**Source data**:
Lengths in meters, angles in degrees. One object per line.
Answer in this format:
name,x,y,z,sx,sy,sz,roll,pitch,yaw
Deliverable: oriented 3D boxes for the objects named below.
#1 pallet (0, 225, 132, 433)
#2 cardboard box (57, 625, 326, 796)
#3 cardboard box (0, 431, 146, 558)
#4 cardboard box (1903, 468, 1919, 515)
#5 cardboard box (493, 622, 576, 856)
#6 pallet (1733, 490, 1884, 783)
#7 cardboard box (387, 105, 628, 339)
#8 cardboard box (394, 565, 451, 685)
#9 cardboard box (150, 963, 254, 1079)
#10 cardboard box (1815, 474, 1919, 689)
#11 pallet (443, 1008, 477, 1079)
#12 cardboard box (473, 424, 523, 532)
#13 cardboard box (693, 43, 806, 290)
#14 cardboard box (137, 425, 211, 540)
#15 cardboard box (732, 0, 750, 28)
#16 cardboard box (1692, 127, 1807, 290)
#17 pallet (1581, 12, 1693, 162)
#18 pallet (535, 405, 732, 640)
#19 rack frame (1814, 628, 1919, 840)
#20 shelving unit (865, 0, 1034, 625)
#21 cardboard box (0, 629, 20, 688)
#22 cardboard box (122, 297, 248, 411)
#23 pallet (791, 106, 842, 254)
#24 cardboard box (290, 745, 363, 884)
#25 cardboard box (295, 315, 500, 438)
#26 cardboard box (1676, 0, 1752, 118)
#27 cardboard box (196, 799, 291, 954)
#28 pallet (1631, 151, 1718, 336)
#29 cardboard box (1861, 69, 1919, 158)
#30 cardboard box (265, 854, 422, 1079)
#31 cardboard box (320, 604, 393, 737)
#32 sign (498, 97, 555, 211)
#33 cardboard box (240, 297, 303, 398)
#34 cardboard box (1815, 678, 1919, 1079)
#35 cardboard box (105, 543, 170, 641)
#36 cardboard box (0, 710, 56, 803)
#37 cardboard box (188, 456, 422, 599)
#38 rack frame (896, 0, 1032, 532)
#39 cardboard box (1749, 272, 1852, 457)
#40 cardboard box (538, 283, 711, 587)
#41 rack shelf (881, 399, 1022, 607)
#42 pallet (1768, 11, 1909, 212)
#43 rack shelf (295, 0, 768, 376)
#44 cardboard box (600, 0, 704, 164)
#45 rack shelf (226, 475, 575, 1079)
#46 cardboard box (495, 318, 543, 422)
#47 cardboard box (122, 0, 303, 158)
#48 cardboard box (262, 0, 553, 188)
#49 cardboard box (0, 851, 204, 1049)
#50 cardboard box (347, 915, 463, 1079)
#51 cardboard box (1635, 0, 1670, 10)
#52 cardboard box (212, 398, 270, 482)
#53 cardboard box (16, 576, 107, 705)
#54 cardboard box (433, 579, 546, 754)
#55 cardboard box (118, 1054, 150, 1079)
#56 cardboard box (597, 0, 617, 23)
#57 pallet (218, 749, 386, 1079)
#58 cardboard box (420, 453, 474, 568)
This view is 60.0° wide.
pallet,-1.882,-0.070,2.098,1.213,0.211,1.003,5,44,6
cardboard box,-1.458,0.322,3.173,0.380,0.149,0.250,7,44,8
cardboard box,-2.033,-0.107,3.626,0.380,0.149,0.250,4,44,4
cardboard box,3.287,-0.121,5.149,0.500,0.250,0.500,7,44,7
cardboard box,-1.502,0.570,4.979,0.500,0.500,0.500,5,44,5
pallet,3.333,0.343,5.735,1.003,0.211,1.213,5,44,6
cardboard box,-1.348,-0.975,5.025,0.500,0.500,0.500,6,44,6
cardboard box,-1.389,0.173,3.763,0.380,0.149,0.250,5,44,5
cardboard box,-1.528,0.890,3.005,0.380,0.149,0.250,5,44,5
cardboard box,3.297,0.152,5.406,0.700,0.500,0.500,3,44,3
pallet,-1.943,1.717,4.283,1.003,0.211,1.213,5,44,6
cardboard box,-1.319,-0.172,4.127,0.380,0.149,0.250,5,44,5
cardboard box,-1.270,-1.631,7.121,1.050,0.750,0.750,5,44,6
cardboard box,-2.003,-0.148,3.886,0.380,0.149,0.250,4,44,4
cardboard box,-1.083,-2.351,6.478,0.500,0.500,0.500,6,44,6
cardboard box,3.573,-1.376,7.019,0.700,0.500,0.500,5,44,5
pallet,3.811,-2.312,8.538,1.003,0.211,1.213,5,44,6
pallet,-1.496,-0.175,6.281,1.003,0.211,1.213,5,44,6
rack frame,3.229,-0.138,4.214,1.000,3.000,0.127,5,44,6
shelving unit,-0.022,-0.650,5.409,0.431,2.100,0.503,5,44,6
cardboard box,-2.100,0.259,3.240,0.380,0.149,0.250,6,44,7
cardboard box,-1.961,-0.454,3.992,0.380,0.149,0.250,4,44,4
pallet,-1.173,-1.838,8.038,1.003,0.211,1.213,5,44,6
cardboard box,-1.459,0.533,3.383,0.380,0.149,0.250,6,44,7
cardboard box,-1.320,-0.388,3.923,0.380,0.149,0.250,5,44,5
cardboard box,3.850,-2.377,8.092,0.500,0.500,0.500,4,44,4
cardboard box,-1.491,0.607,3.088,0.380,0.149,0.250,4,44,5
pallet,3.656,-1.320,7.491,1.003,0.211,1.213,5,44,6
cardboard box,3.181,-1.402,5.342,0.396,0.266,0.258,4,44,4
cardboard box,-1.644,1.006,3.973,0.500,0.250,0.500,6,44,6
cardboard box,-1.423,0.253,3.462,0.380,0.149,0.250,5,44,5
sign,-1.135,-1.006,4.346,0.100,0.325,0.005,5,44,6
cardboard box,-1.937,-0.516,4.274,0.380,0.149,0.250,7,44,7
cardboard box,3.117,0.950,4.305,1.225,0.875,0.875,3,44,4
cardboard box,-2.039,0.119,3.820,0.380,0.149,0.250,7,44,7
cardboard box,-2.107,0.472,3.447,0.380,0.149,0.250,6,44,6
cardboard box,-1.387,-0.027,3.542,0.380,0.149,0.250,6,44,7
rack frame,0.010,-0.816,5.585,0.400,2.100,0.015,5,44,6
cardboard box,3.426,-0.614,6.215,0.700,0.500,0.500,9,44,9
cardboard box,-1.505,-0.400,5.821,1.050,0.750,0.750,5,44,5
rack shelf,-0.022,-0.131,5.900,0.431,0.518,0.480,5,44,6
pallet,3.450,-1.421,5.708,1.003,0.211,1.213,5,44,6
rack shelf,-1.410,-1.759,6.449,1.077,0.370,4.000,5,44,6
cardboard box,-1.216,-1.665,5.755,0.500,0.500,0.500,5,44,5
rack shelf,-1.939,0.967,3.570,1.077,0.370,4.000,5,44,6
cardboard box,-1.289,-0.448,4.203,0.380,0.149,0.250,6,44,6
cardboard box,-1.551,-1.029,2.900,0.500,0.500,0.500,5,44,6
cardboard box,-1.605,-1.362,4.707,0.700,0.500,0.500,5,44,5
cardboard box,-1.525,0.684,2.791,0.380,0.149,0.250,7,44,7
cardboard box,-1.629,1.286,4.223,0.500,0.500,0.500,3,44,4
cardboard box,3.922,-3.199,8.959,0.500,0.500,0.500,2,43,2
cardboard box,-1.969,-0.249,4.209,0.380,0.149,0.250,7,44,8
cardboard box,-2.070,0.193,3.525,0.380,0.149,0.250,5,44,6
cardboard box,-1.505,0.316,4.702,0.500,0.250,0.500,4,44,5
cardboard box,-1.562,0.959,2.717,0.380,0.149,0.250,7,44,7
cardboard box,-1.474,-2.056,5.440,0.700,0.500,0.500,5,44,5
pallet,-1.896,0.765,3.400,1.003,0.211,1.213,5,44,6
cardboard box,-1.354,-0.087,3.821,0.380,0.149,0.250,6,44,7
...
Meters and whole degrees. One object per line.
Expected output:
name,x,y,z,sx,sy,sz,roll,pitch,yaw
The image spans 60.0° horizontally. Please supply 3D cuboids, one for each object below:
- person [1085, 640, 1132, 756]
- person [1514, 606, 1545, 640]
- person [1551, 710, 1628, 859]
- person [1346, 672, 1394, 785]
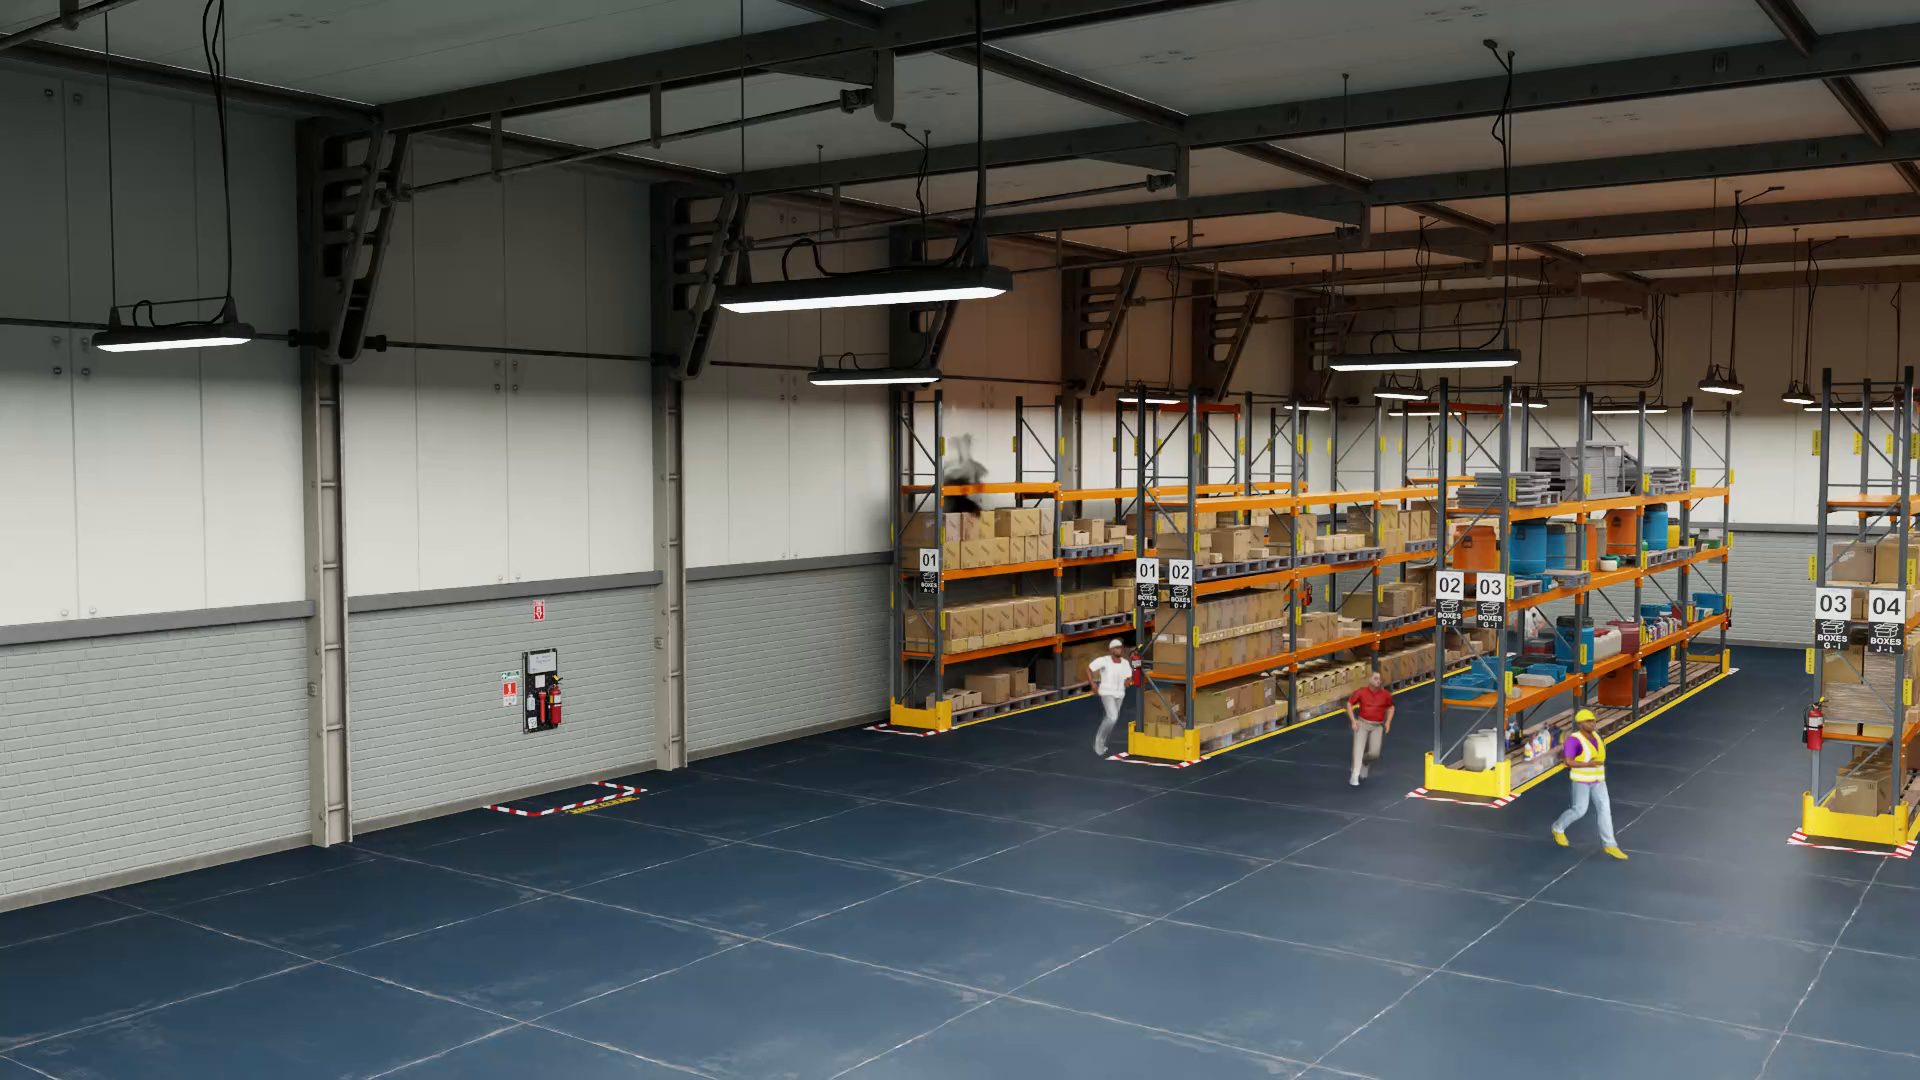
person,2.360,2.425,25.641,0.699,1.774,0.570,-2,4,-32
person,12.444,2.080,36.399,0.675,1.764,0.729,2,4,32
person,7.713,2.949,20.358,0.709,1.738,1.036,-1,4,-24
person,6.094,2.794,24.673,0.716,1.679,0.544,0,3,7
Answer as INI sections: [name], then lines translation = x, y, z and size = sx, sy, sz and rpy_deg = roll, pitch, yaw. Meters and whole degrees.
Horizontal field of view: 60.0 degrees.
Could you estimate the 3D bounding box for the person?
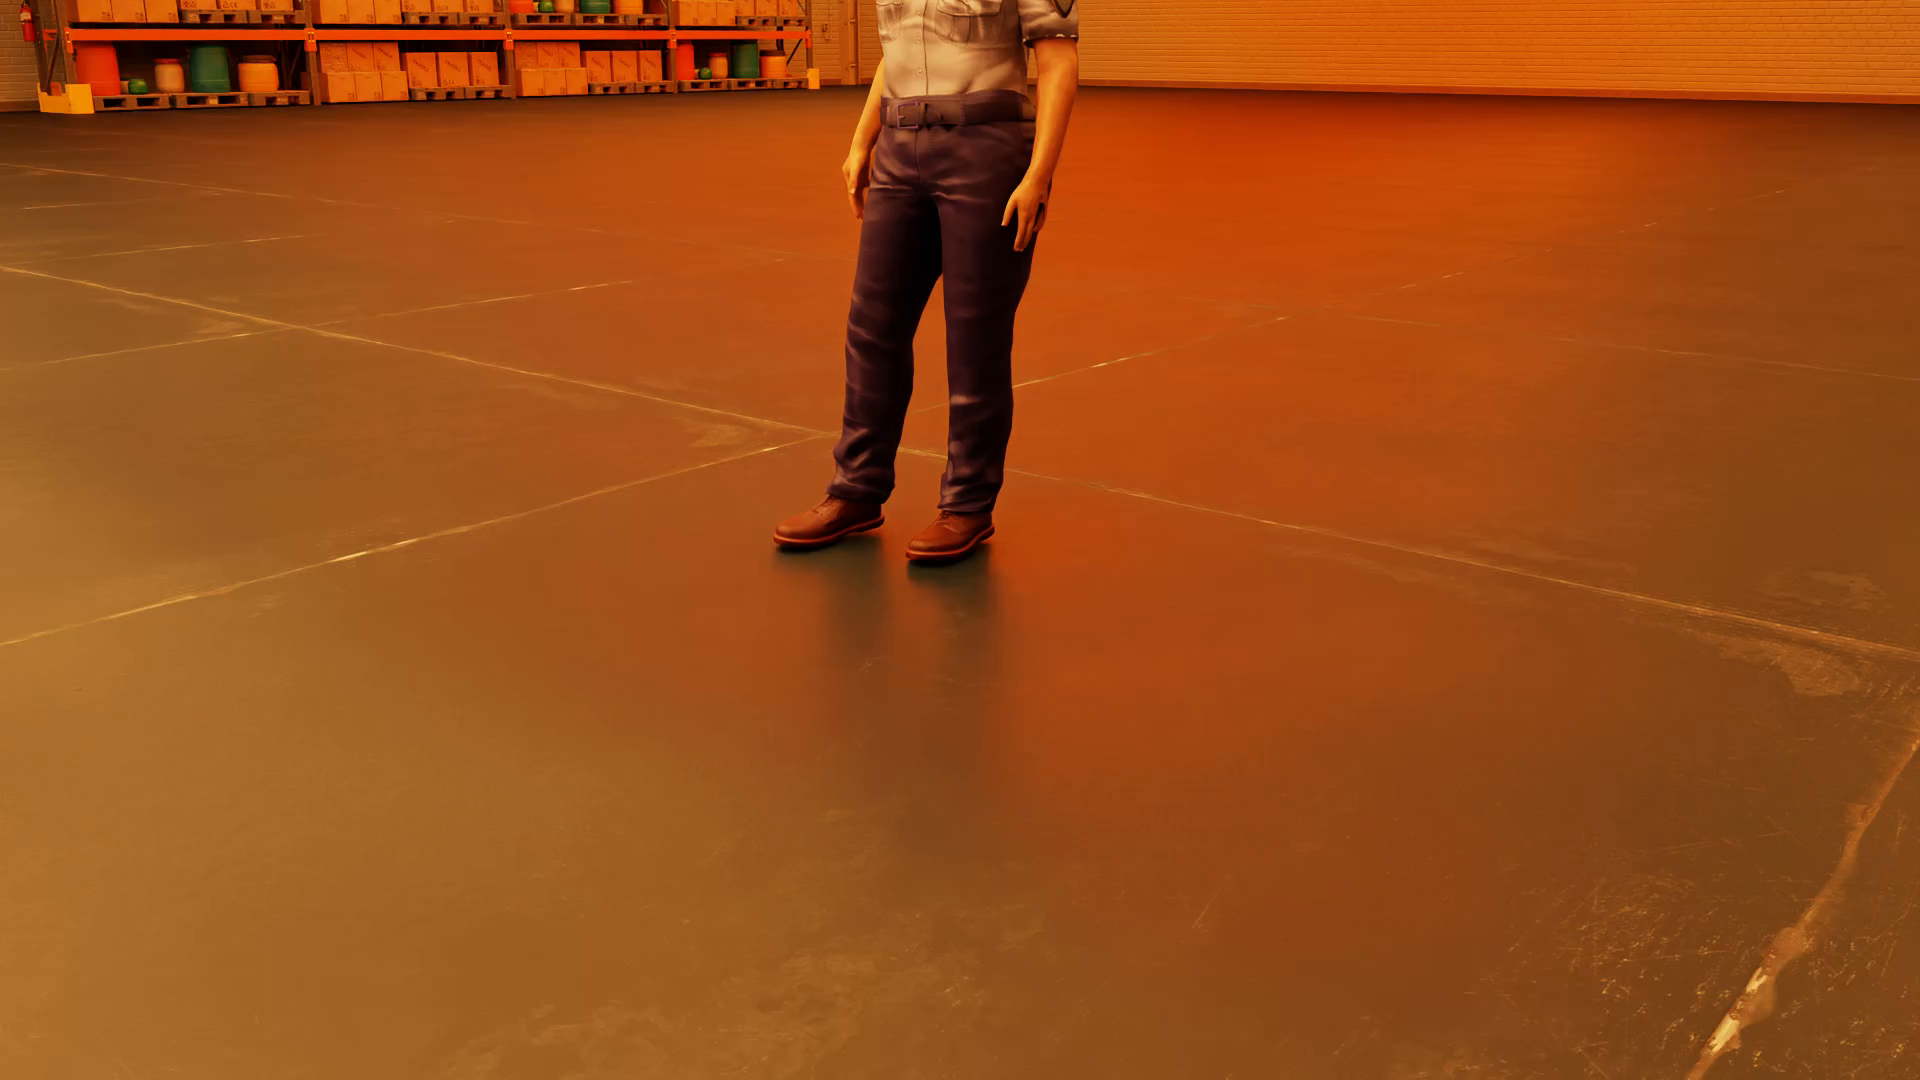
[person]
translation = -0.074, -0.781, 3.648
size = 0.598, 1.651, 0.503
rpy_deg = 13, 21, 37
==
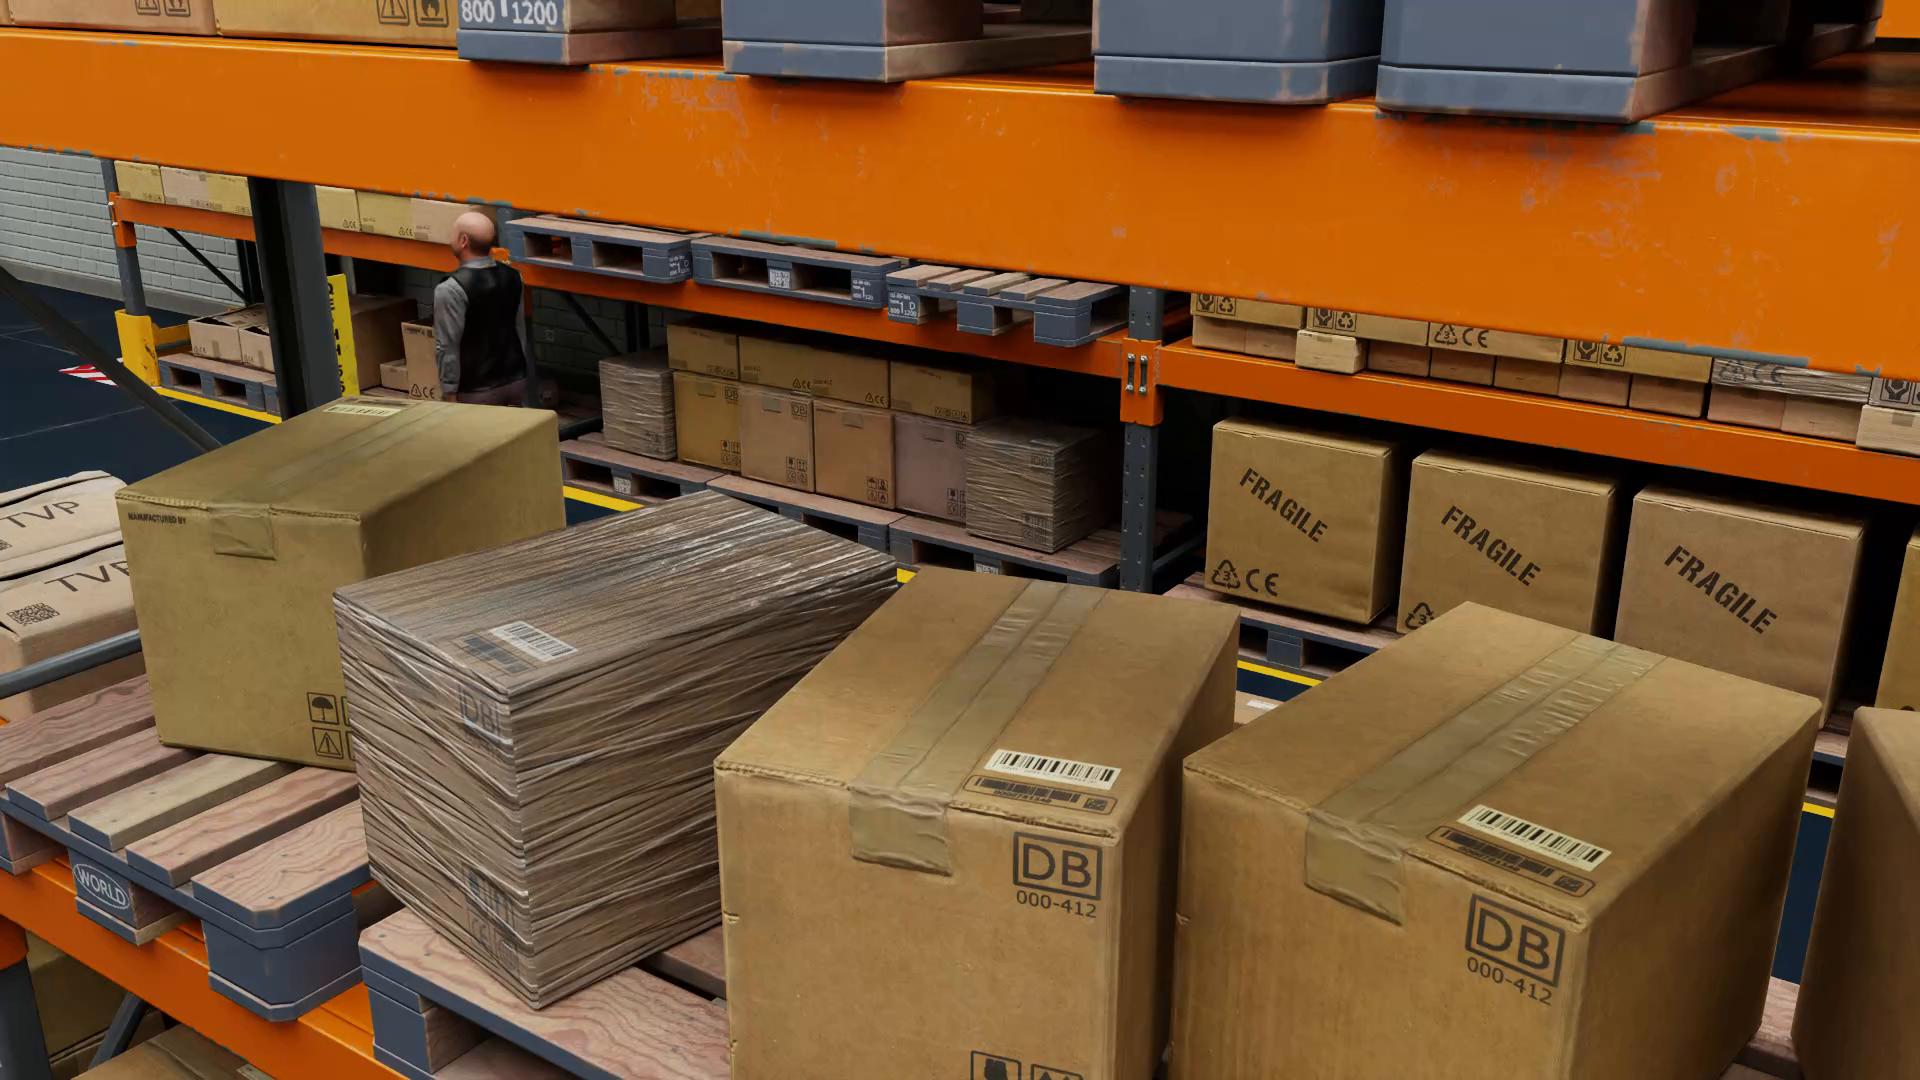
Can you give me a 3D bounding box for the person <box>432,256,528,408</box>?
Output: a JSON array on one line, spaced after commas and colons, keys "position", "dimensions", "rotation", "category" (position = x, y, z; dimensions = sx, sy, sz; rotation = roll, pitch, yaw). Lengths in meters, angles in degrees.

**Work to be completed**: From the material above, copy exactly the lines between the line holding "#40 cardboard box (538, 283, 711, 587)" and the line holding "#58 cardboard box (420, 453, 474, 568)", inclusive, and only those.

**Exercise solution**:
#40 cardboard box (538, 283, 711, 587)
#41 rack shelf (881, 399, 1022, 607)
#42 pallet (1768, 11, 1909, 212)
#43 rack shelf (295, 0, 768, 376)
#44 cardboard box (600, 0, 704, 164)
#45 rack shelf (226, 475, 575, 1079)
#46 cardboard box (495, 318, 543, 422)
#47 cardboard box (122, 0, 303, 158)
#48 cardboard box (262, 0, 553, 188)
#49 cardboard box (0, 851, 204, 1049)
#50 cardboard box (347, 915, 463, 1079)
#51 cardboard box (1635, 0, 1670, 10)
#52 cardboard box (212, 398, 270, 482)
#53 cardboard box (16, 576, 107, 705)
#54 cardboard box (433, 579, 546, 754)
#55 cardboard box (118, 1054, 150, 1079)
#56 cardboard box (597, 0, 617, 23)
#57 pallet (218, 749, 386, 1079)
#58 cardboard box (420, 453, 474, 568)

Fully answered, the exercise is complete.